Analysis of phylogenetic relationship consensus sequence in multi-species GIFs

A phylogenetic tree was constructed using the amino acid sequences that encode GIF genes from P. euphratica and various other species. The SMART website was utilized to extract the domain coordinates from the GIF protein sequence of P. euphratica and other various species. The sequences of the GIF domain were extracted using its coordinates and merged into a new sequence matrix. Then, the merged protein sequences were aligned by ClustalW. After the amino acid sequences were aligned, gap trimming was performed using the multiple alignment trimming tools of TBtools software [35], with a site coverage cutoff parameter set at 0.95. Subsequently, a phylogenetic tree was constructed using MEGA v7 software employing the neighbor-joining (NJ) method with 1000 bootstrap replicates. The percentage of replicate trees in which the associated taxa clustered together in the bootstrap test (1000 replicates) was shown next to the branches. The Dayhoff matrix-based method was used to calculate evolutionary distances, which were expressed as the number of amino acid substitutions per site. Ambiguous positions were excluded for each pair of sequences using the pairwise deletion option. TBtools and iTOL online website (https://itol.embl.de/) were used to visualize the phylogenetic tree.

Additionally, we used the MEME tool (http://meme-suite.org/) to classify and analyze the conserved motifs of each GIF protein sequence. We set the maximum motif number was 5 and other parameters are default settings.

Collinearity analysis of multi-species GIFs

The BLASTP alignment was used to identify orthologous pairs between P. euphratica and six other species (P. pruinose, P. trichocarpa, P. deltoides, S. sinopurpurea, S. suchowensis, and A. thaliana). Then, the collinear blocks between P. euphratica and each other species of P. deltoide, P. trichocarpa, A. thaliana, S. sinopurpurea and S. sinopurpurea were identified using MCscan software and visualized using JCVI (https://zenodo.org/record/31631/).

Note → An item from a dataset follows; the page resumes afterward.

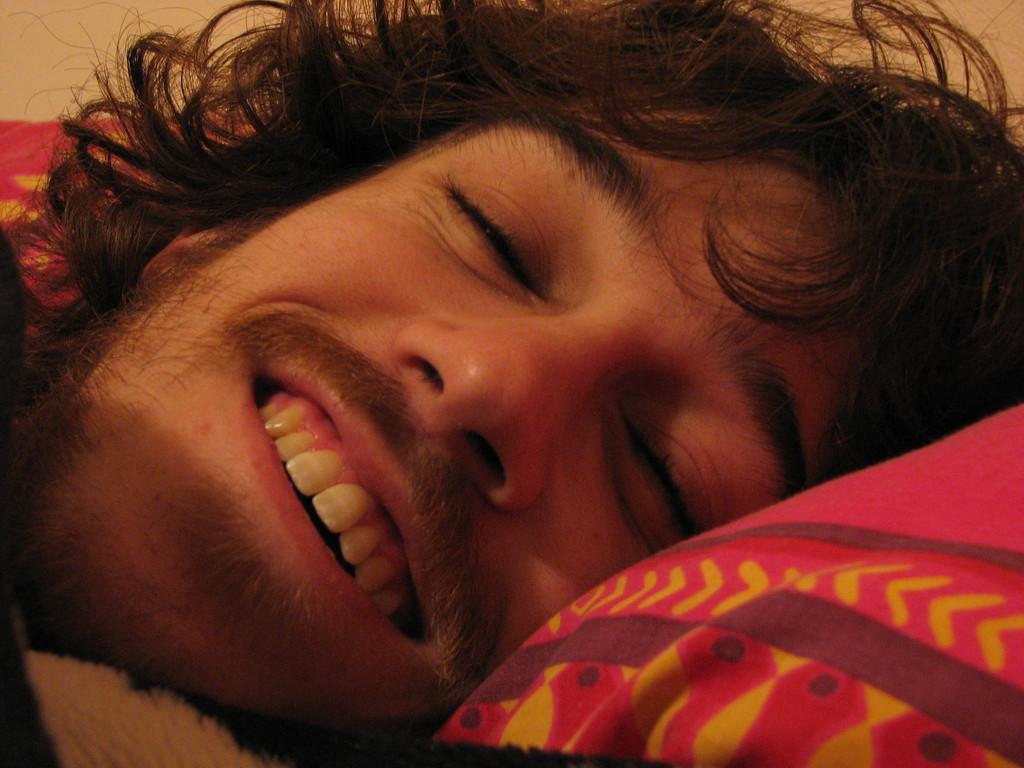In one or two sentences, can you explain what this image depicts? In this image, we can see a person sleeping on an object. 
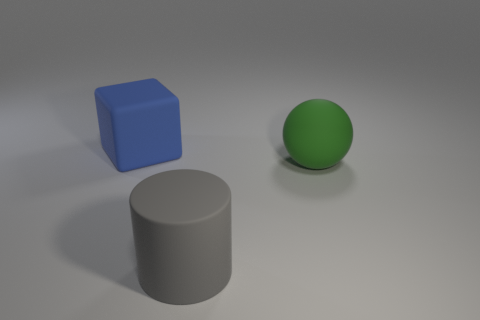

Promoter analysis ofGIFpromoters.

The upstream 2000 bp (bp) sequences apart from the transcription start sites of these PeGIFs genes were identified as potential promoters using TBtools. Subsequently, the cis-elements within each promoter were identified using PlantCARE (http://bioinformatics.psb.ugent.be/webtools/plantcare/html/).

RNA-seq for heteromorphic leaves

A total of 12 samples for four leaf shapes in cultivated forests, including Li, La, Ov, and Bo leaves, were collected across the development of leaf age. These samples were collected at various stages of leaf development. Leaf age was categorized into three periods based on field sampling and observation. The P1 was defined as the first day when the leaf blades started unfolding. This was followed by P2 occurring on the 15th day when there was an increase in leaf area. Finally, P3 occurred on the 30th day when leaves reached maturity. Each type of heteromorphic leaves with different leaf ages was replicated three times for sampling. The napkin was used to delicately clean the leaves, which were then rapidly frozen in liquid nitrogen and stored at an ultra-low temperature of -80℃ in a refrigerator for RNA-seq analysis (the dataset has been made available to the public for access [7] and preservation through the National Genomics Data Center (https://ngdc.cncb.ac.cn/), under project number PRJCA005959.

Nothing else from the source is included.